**BRIEF**
Every line from the one with "Answer: Integration What" through the end of the entries below should be written out exactly; the pictures should not.

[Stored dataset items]

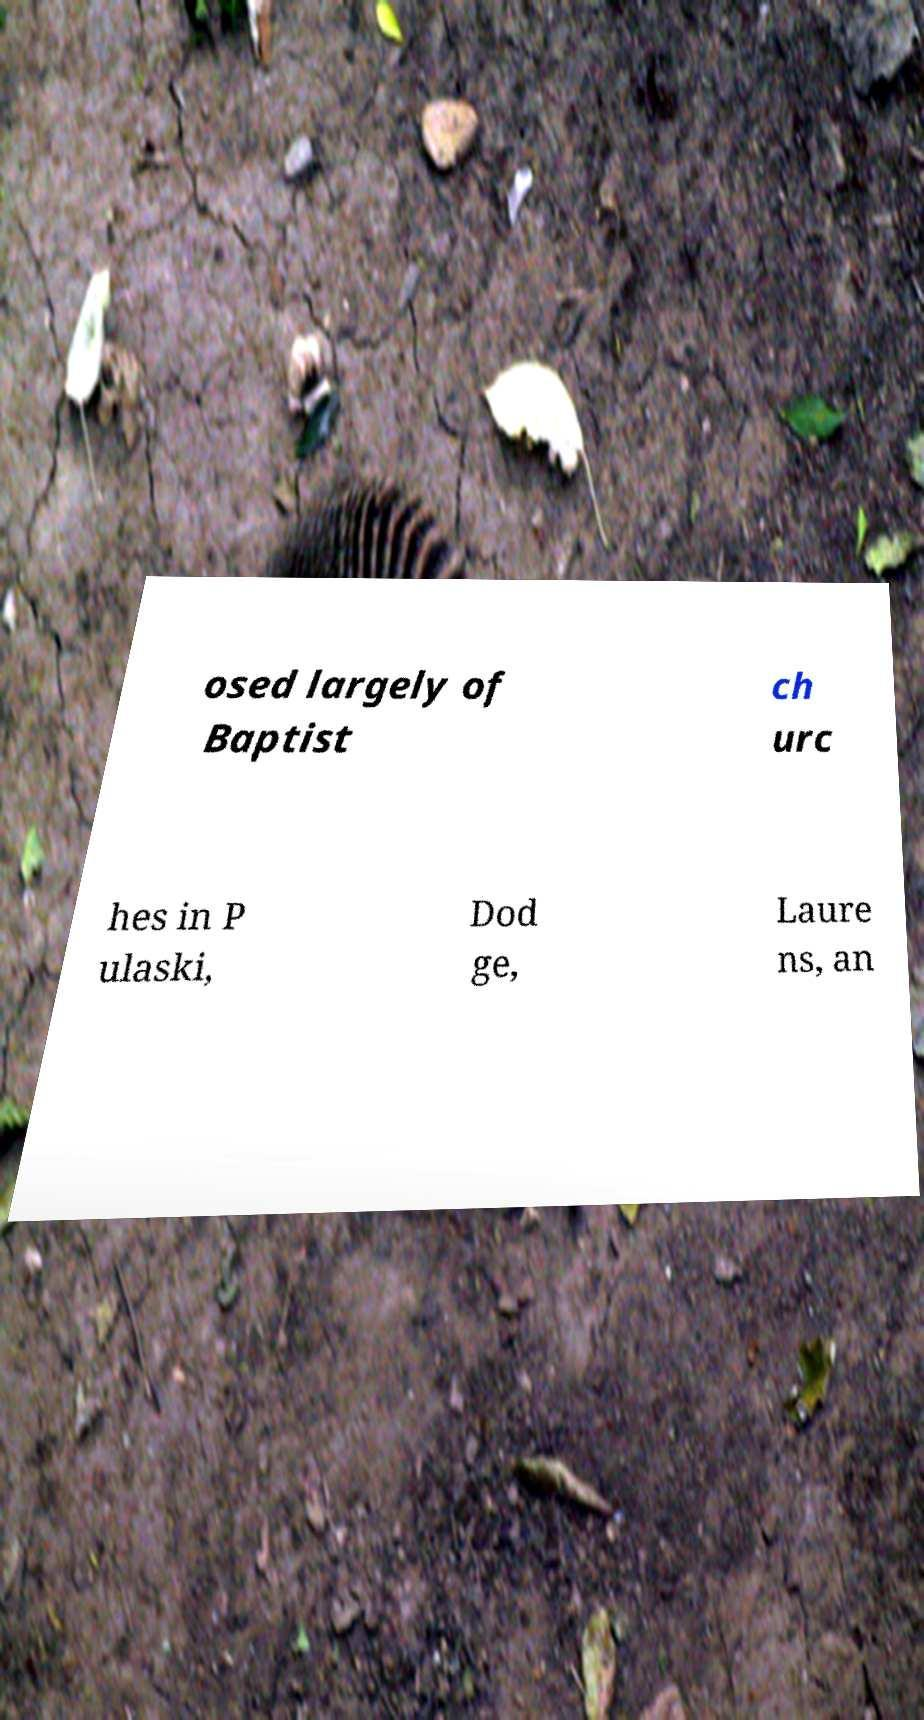Can you read and provide the text displayed in the image?This photo seems to have some interesting text. Can you extract and type it out for me? osed largely of Baptist ch urc hes in P ulaski, Dod ge, Laure ns, an 
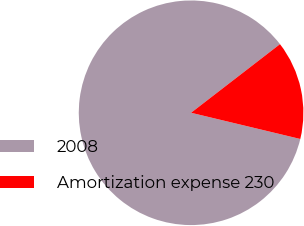Convert chart to OTSL. <chart><loc_0><loc_0><loc_500><loc_500><pie_chart><fcel>2008<fcel>Amortization expense 230<nl><fcel>85.79%<fcel>14.21%<nl></chart> 
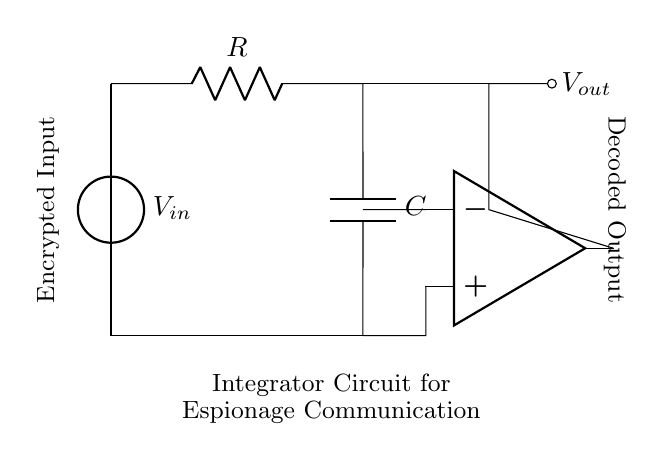What is the input voltage type? The circuit diagram indicates an input voltage source represented by \(V_{in}\), which is labeled in the diagram as a voltage source.
Answer: Voltage source What components make up the integrator circuit? The integrator circuit in the diagram consists of a resistor \(R\) and a capacitor \(C\), along with an operational amplifier. These components are essential for its function.
Answer: Resistor and capacitor What is connected to the output of the operational amplifier? The output of the operational amplifier is connected to the node labeled \(V_{out}\), indicating the decoded output of the integrator circuit.
Answer: Decoded output What role does the resistor play in this circuit? The resistor \(R\) limits the current flowing into the capacitor, creating a time constant that is crucial for the integration process of the input signal.
Answer: Current limiting How does the capacitor affect the output signal? The capacitor \(C\) integrates the input voltage over time, causing the output to represent the accumulated charge which corresponds to the integrated value of the input signal.
Answer: Integration What is the purpose of this integrator circuit in espionage communication? The purpose of the integrator circuit in this context is to decode encrypted messages by processing the input signals and transforming them into intelligible outputs.
Answer: Decoding encrypted messages 
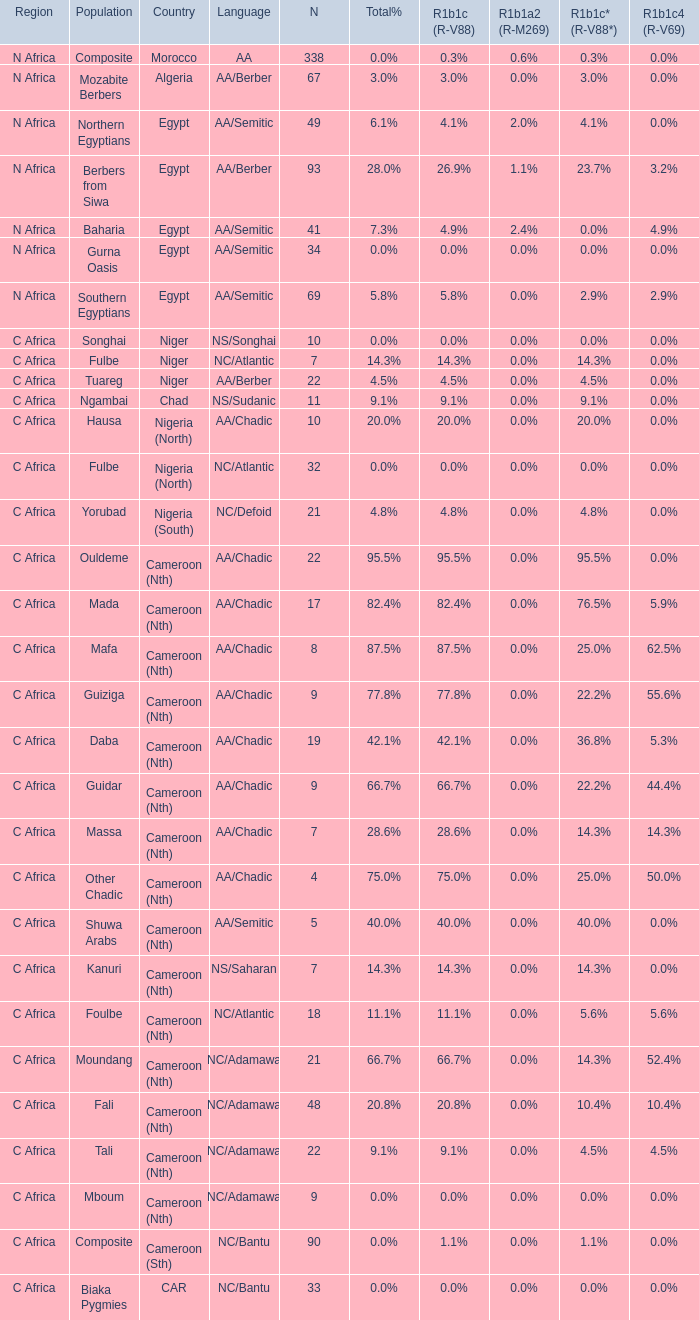What percentage is listed in column r1b1a2 (r-m269) for the 77.8% r1b1c (r-v88)? 0.0%. 
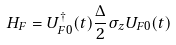<formula> <loc_0><loc_0><loc_500><loc_500>H _ { F } = U _ { F 0 } ^ { \dagger } ( t ) \frac { \Delta } { 2 } \sigma _ { z } U _ { F 0 } ( t )</formula>

**SOLUTION TO THIS EXERCISE**
Answer: Integration What is the purpose of this integrator circuit in espionage communication? The purpose of the integrator circuit in this context is to decode encrypted messages by processing the input signals and transforming them into intelligible outputs.
Answer: Decoding encrypted messages 
What percentage is listed in column r1b1a2 (r-m269) for the 77.8% r1b1c (r-v88)? 0.0%. 
<formula> <loc_0><loc_0><loc_500><loc_500>H _ { F } = U _ { F 0 } ^ { \dagger } ( t ) \frac { \Delta } { 2 } \sigma _ { z } U _ { F 0 } ( t )</formula>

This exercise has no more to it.